• _Problem details_: Give again exactly the lines that run from the start of the records to the line holding "self.log.bind(mechanism='assume_role')", both ends counted. Do not include the pictures.

• _Records supplied_:
╭──
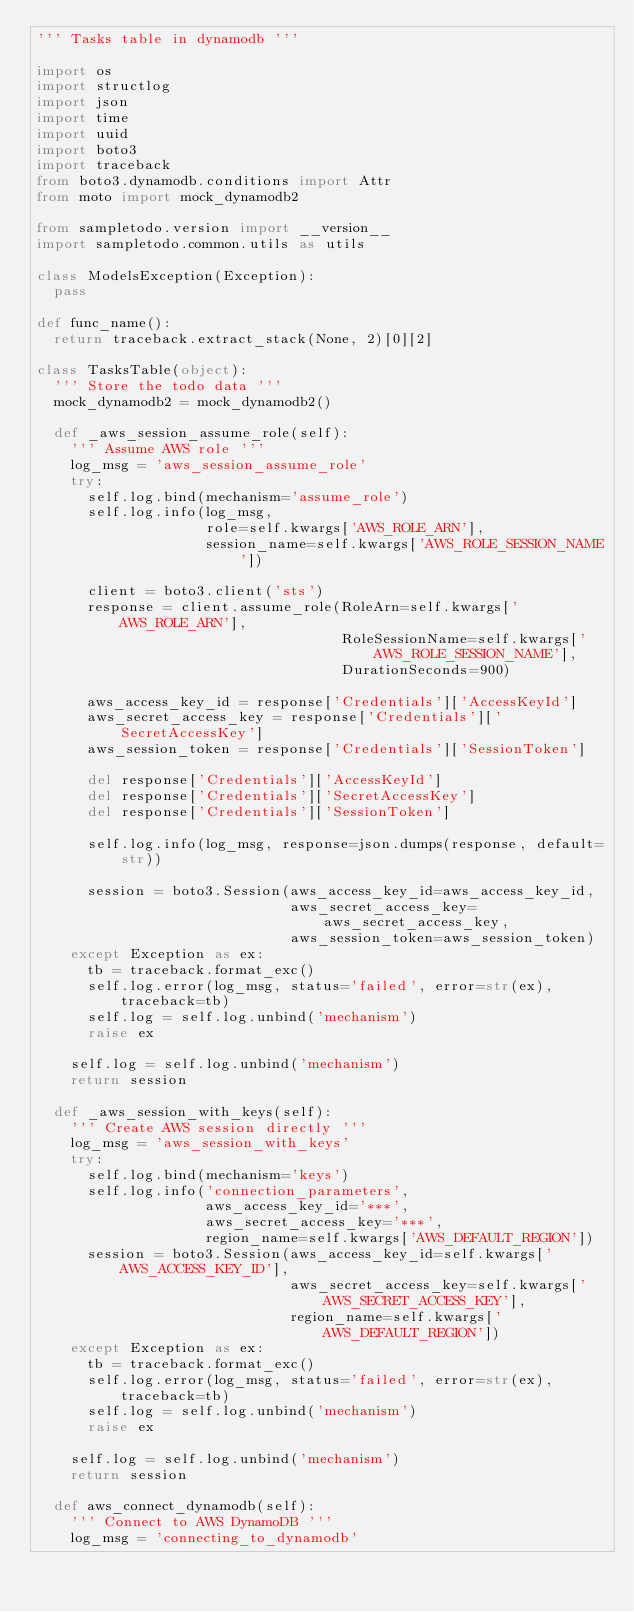<code> <loc_0><loc_0><loc_500><loc_500><_Python_>''' Tasks table in dynamodb '''

import os
import structlog
import json
import time
import uuid
import boto3
import traceback
from boto3.dynamodb.conditions import Attr
from moto import mock_dynamodb2

from sampletodo.version import __version__
import sampletodo.common.utils as utils

class ModelsException(Exception):
  pass

def func_name():
  return traceback.extract_stack(None, 2)[0][2]

class TasksTable(object):
  ''' Store the todo data '''
  mock_dynamodb2 = mock_dynamodb2()

  def _aws_session_assume_role(self):
    ''' Assume AWS role '''
    log_msg = 'aws_session_assume_role'
    try:
      self.log.bind(mechanism='assume_role')
      self.log.info(log_msg,
                    role=self.kwargs['AWS_ROLE_ARN'],
                    session_name=self.kwargs['AWS_ROLE_SESSION_NAME'])

      client = boto3.client('sts')
      response = client.assume_role(RoleArn=self.kwargs['AWS_ROLE_ARN'],
                                    RoleSessionName=self.kwargs['AWS_ROLE_SESSION_NAME'],
                                    DurationSeconds=900)

      aws_access_key_id = response['Credentials']['AccessKeyId']
      aws_secret_access_key = response['Credentials']['SecretAccessKey']
      aws_session_token = response['Credentials']['SessionToken']

      del response['Credentials']['AccessKeyId']
      del response['Credentials']['SecretAccessKey']
      del response['Credentials']['SessionToken']

      self.log.info(log_msg, response=json.dumps(response, default=str))

      session = boto3.Session(aws_access_key_id=aws_access_key_id,
                              aws_secret_access_key=aws_secret_access_key,
                              aws_session_token=aws_session_token)
    except Exception as ex:
      tb = traceback.format_exc()
      self.log.error(log_msg, status='failed', error=str(ex), traceback=tb)
      self.log = self.log.unbind('mechanism')
      raise ex

    self.log = self.log.unbind('mechanism')
    return session

  def _aws_session_with_keys(self):
    ''' Create AWS session directly '''
    log_msg = 'aws_session_with_keys'
    try:
      self.log.bind(mechanism='keys')
      self.log.info('connection_parameters',
                    aws_access_key_id='***',
                    aws_secret_access_key='***',
                    region_name=self.kwargs['AWS_DEFAULT_REGION'])
      session = boto3.Session(aws_access_key_id=self.kwargs['AWS_ACCESS_KEY_ID'],
                              aws_secret_access_key=self.kwargs['AWS_SECRET_ACCESS_KEY'],
                              region_name=self.kwargs['AWS_DEFAULT_REGION'])
    except Exception as ex:
      tb = traceback.format_exc()
      self.log.error(log_msg, status='failed', error=str(ex), traceback=tb)
      self.log = self.log.unbind('mechanism')
      raise ex

    self.log = self.log.unbind('mechanism')
    return session

  def aws_connect_dynamodb(self):
    ''' Connect to AWS DynamoDB '''
    log_msg = 'connecting_to_dynamodb'</code> 
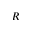<formula> <loc_0><loc_0><loc_500><loc_500>R</formula> 
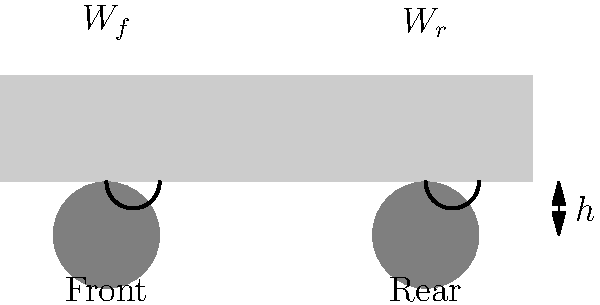You're customizing a client's car, lowering it for a sleek look while maintaining optimal performance. The vehicle weighs 3200 lbs with a 55/45 front-to-rear weight distribution. The client wants a 2-inch drop from the stock ride height. Calculate the ideal spring rate (in lbs/inch) for the front suspension, assuming a motion ratio of 0.6 and aiming for a natural frequency of 1.5 Hz. Let's approach this step-by-step:

1) First, calculate the weight on the front axle:
   $W_f = 0.55 \times 3200 = 1760$ lbs

2) The weight per front wheel:
   $W_{fw} = 1760 \div 2 = 880$ lbs

3) The natural frequency formula is:
   $f_n = \frac{1}{2\pi} \sqrt{\frac{k}{m}}$

   Where:
   $f_n$ is the natural frequency (1.5 Hz)
   $k$ is the spring rate (what we're solving for)
   $m$ is the mass (weight ÷ g, where g = 32.2 ft/s²)

4) Rearrange the formula to solve for $k$:
   $k = (2\pi f_n)^2 \times m$

5) Convert weight to mass:
   $m = \frac{880}{32.2} = 27.33$ slugs

6) Calculate $k$:
   $k = (2\pi \times 1.5)^2 \times 27.33 = 2434$ lbs/ft

7) Convert to lbs/inch:
   $k = 2434 \div 12 = 202.83$ lbs/inch

8) Account for the motion ratio:
   $k_{wheel} = k \div (0.6)^2 = 202.83 \div 0.36 = 563.42$ lbs/inch

Therefore, the ideal spring rate for the front suspension is approximately 563 lbs/inch.
Answer: 563 lbs/inch
╰──
• _Result of the exercise_:
<code> <loc_0><loc_0><loc_500><loc_500><_Python_>''' Tasks table in dynamodb '''

import os
import structlog
import json
import time
import uuid
import boto3
import traceback
from boto3.dynamodb.conditions import Attr
from moto import mock_dynamodb2

from sampletodo.version import __version__
import sampletodo.common.utils as utils

class ModelsException(Exception):
  pass

def func_name():
  return traceback.extract_stack(None, 2)[0][2]

class TasksTable(object):
  ''' Store the todo data '''
  mock_dynamodb2 = mock_dynamodb2()

  def _aws_session_assume_role(self):
    ''' Assume AWS role '''
    log_msg = 'aws_session_assume_role'
    try:
      self.log.bind(mechanism='assume_role')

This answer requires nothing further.